Makan malam yang berlangsung di rumah Asuka, cukup semarak. Asuka yang selalu tersenyum, menatap Taiga dan Harumi. Di sampingnya, ada Aiya yang duduk bersimpuh.
"Setelah makan malam ini, apa kalian langsung pergi ke kamar?" tanya Asuka sempat memerhatikan beberapa pelayan mengangkat peralatan makan yang kotor.
"Ya. Kami akan berbulan madu," jawab Taiga mengangguk. Perutnya langsung dicubit kuat oleh Harumi. Menahan sakit sebisa mungkin.
"Taiga, apa yang kau pikirkan?" tanya Harumi mendelik Taiga.
"Maaf, Harumi." Taiga tetap berparas datar.
"Taiga, kenapa kau terkadang tidak berekspresi seperti itu?"
Asuka bertanya karena penasaran. Dia mengerutkan kening. Menatap Taiga dengan perasaan penasaran yang tidak terbendung. Taiga meminum air bening sebentar, lalu meletakkan gelas kosong ke atas meja. Matanya memicing.
"Aku tidak merasakan perasaan cemas, takut, dan bahagia. Kalian pasti tidak akan bisa melihat ekspresi bahagia di wajahku. Aku sedang bahagia karena sudah mendapatkan dua teman seperti kalian, Asuka-san dan Aiya-san," tutur Taiga dengan intonasi datar.
"Kenapa bisa begitu?" tanya Asuka lagi. Mengernyitkan dahi lagi.
"Aku tidak tahu. Ini kelainanku sejak lahir."
"Itu aneh sekali."
"Maaf, semuanya. Aku harus pergi ke kamar dulu," sela Aiya buru-buru bangkit berdiri dan mengangkat sedikit bagian bawah kimono-nya untuk mempermudahkan dirinya agar bisa berjalan.
"Ya, Aiya-chan." Asuka mengangguk, tersenyum.
Harumi melihat Aiya. Matanya menyipit tajam. Dia menarik lengan baju Taiga berulang kali. Taiga menjelingnya.
"Ada apa, Harumi?" tanya Taiga bertampang tanpa ekspresi lagi.

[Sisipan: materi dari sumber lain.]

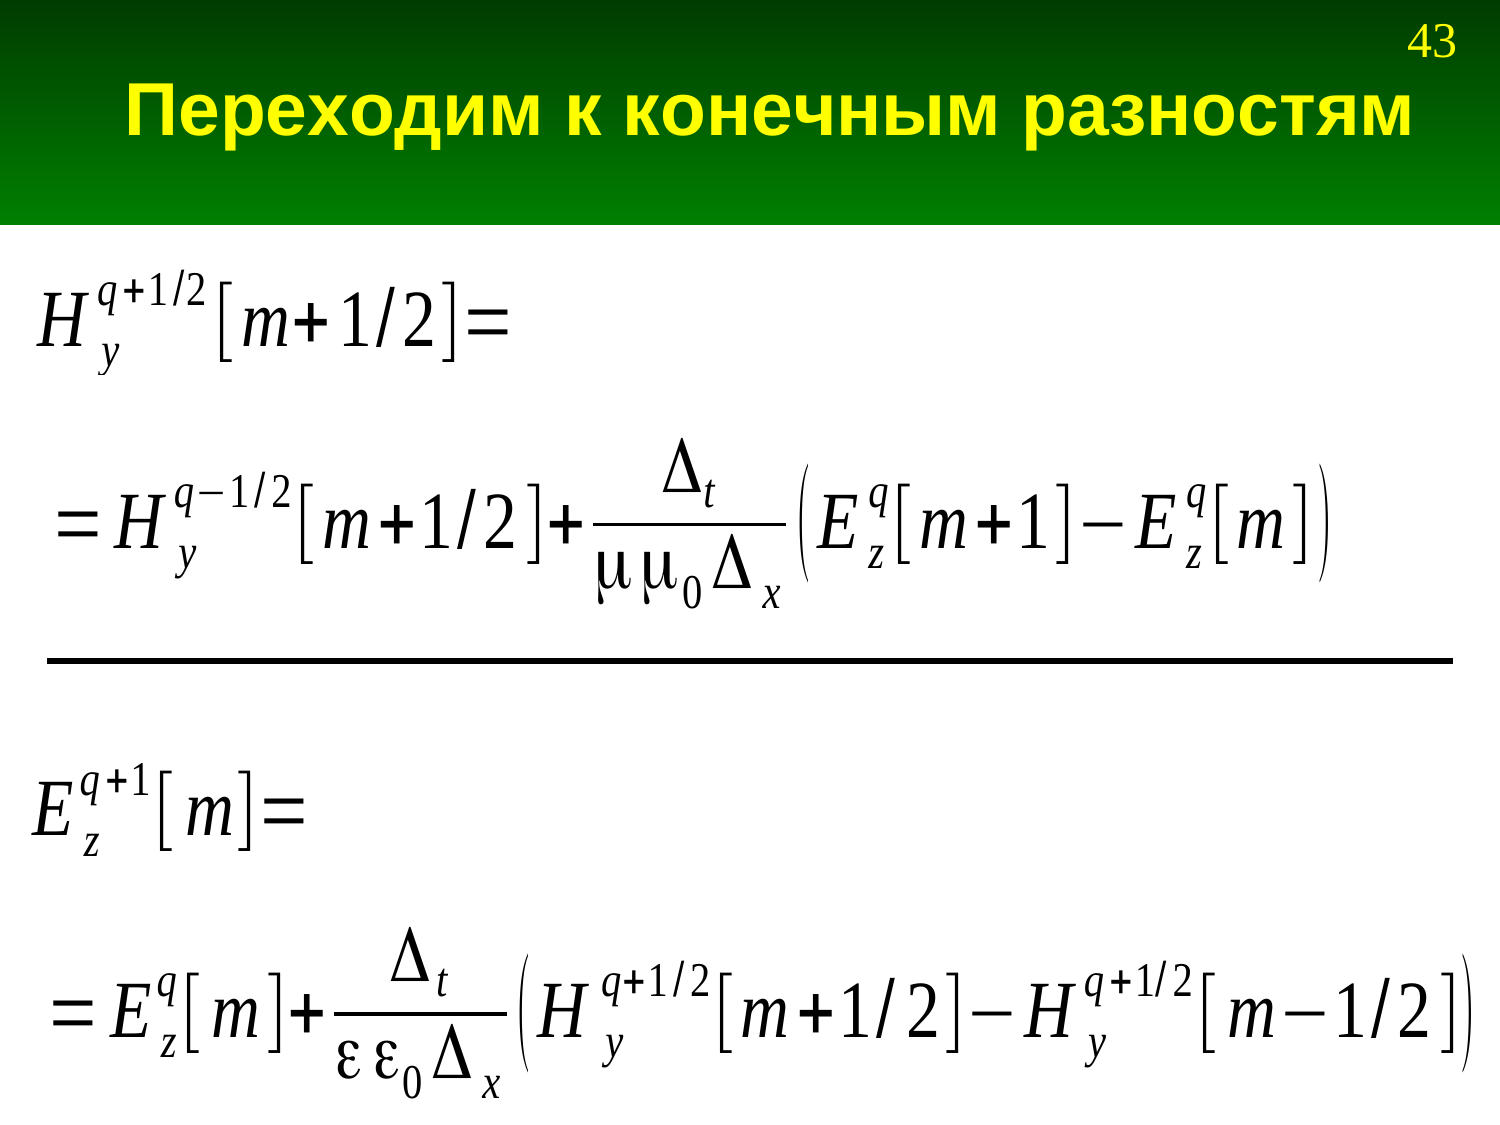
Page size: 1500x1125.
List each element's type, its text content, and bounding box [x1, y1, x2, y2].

chart [29, 920, 1492, 1111]
chart [34, 431, 1347, 621]
title Переходим к конечным разностям [100, 7, 1441, 204]
chart [16, 259, 534, 375]
chart [11, 749, 329, 865]

"Ayo, kita pergi ke kamar," jawab Harumi menunjuk ke arah kamarnya dan Taiga.
"Wah, Harumi tidak sabar. Silakan kalian pergi beristirahat ke kamar sekarang juga," balas Asuka tersenyum. Kedua pipinya bersemu merah.

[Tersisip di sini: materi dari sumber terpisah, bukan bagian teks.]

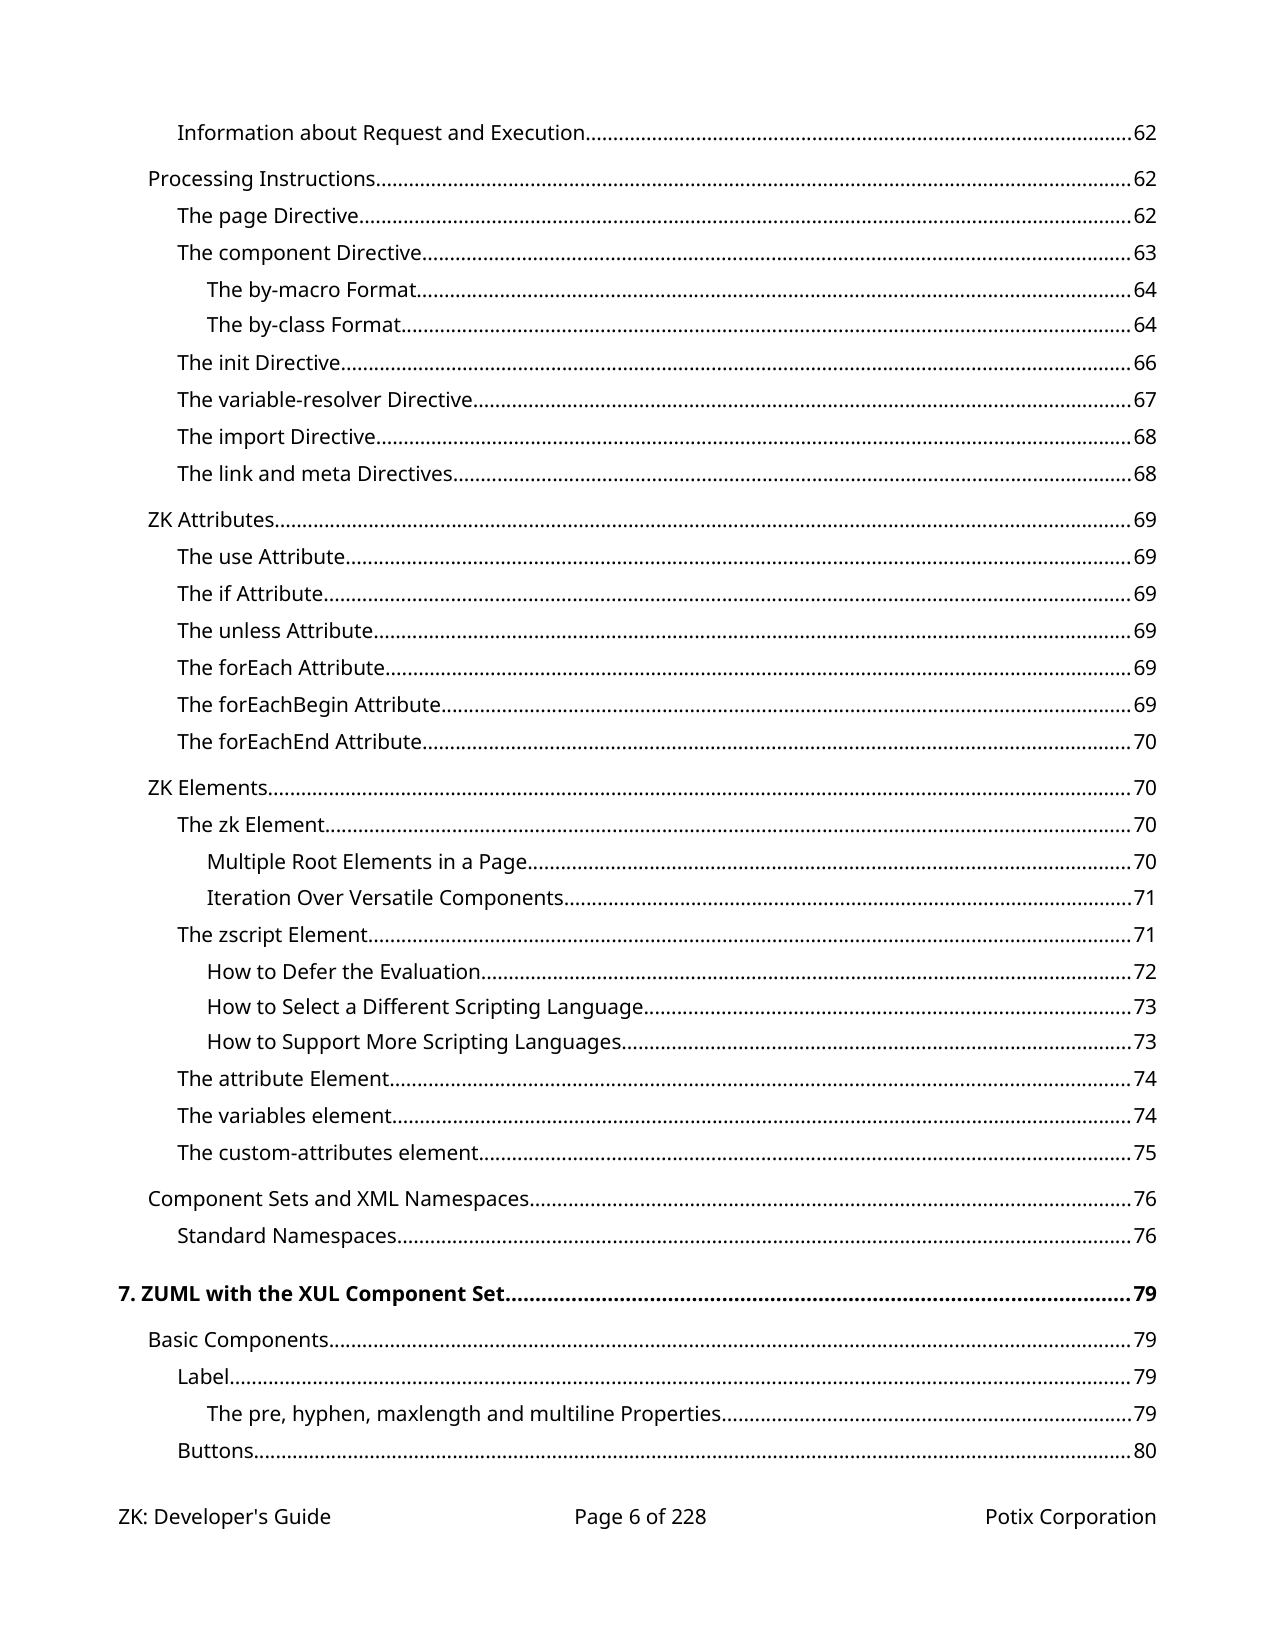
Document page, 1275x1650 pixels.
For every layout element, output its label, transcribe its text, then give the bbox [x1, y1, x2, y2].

text Label 79 [177, 1362, 1157, 1390]
text Buttons 80 [177, 1436, 1157, 1464]
text Information about Request and Execution 62 [177, 118, 1157, 146]
text The attribute Element 74 [177, 1064, 1157, 1092]
text ZK Attributes 69 [148, 505, 1157, 533]
text Multiple Root Elements in a Page 70 [207, 847, 1157, 876]
text The component Directive 63 [177, 238, 1157, 266]
text The link and meta Directives 68 [177, 459, 1157, 487]
text The by-macro Format 64 [207, 275, 1157, 303]
text The import Directive 68 [177, 422, 1157, 450]
text Iteration Over Versatile Components 71 [207, 883, 1157, 911]
text Processing Instructions 62 [148, 164, 1157, 192]
text ZK Elements 70 [148, 773, 1157, 801]
text The custom-attributes element 75 [177, 1138, 1157, 1167]
text The init Directive 66 [177, 348, 1157, 376]
text How to Support More Scripting Languages 73 [207, 1027, 1157, 1055]
text Component Sets and XML Namespaces 76 [148, 1184, 1157, 1213]
text The zk Element 70 [177, 810, 1157, 838]
text How to Select a Different Scripting Language 73 [207, 992, 1157, 1020]
text The zscript Element 71 [177, 920, 1157, 948]
text How to Defer the Evaluation 72 [207, 957, 1157, 985]
text The forEachEnd Attribute 70 [177, 727, 1157, 756]
text The forEachBegin Attribute 69 [177, 690, 1157, 718]
text 7. ZUML with the XUL Component Set 79 [118, 1279, 1157, 1307]
text The pre, hyphen, maxlength and multiline Properties 79 [207, 1399, 1157, 1427]
text The variables element 74 [177, 1101, 1157, 1129]
text The page Directive 62 [177, 201, 1157, 229]
text The if Attribute 69 [177, 579, 1157, 607]
text The unless Attribute 69 [177, 616, 1157, 644]
text The forEach Attribute 69 [177, 653, 1157, 681]
text Basic Components 79 [148, 1325, 1157, 1353]
text The use Attribute 69 [177, 542, 1157, 570]
text The variable-resolver Directive 67 [177, 385, 1157, 413]
text Standard Namespaces 76 [177, 1221, 1157, 1250]
text The by-class Format 64 [207, 311, 1157, 339]

"Ya, terima kasih, Asuka-sama."
Taiga dan Harumi membungkukkan badan untuk memberi hormat pada Asuka. Mereka langsung berdiri, berjalan beriringan keluar. Harumi menggandeng tangan Taiga. Membuat Taiga terkesiap.
"Hei, kau melarang aku menyentuhmu, 'kan? Kau sendiri yang malah menyentuhku," ucap Taiga melebarkan mata.
"Ini darurat," tukas Harumi berjalan cepat menyusuri koridor yang sepi. Mereka pergi ke kamar.
Taiga dan Harumi tiba di kamar. Harumi langsung menutup pintu setelah dirinya dan Taiga masuk kamar. Mereka berhadapan dengan ekspresi yang serius.
"Taiga, apa yang kau rasakan saat pertama kali memasuki rumah ini?" tanya Harumi tetap memegang tangan Taiga.
"Aku merasakan aura yang tidak biasa. Seperti ada kabut ungu yang menaungi rumah ini. Setelah itu, aku mendengar suara seorang kakek yang menggema di telingaku. Kakek itu memperingatkanku, agar tidak percaya pada orang yang baru kukenal," jawab Taiga melihat ke langit-langit yang terang karena diterpa sinar lampu minyak.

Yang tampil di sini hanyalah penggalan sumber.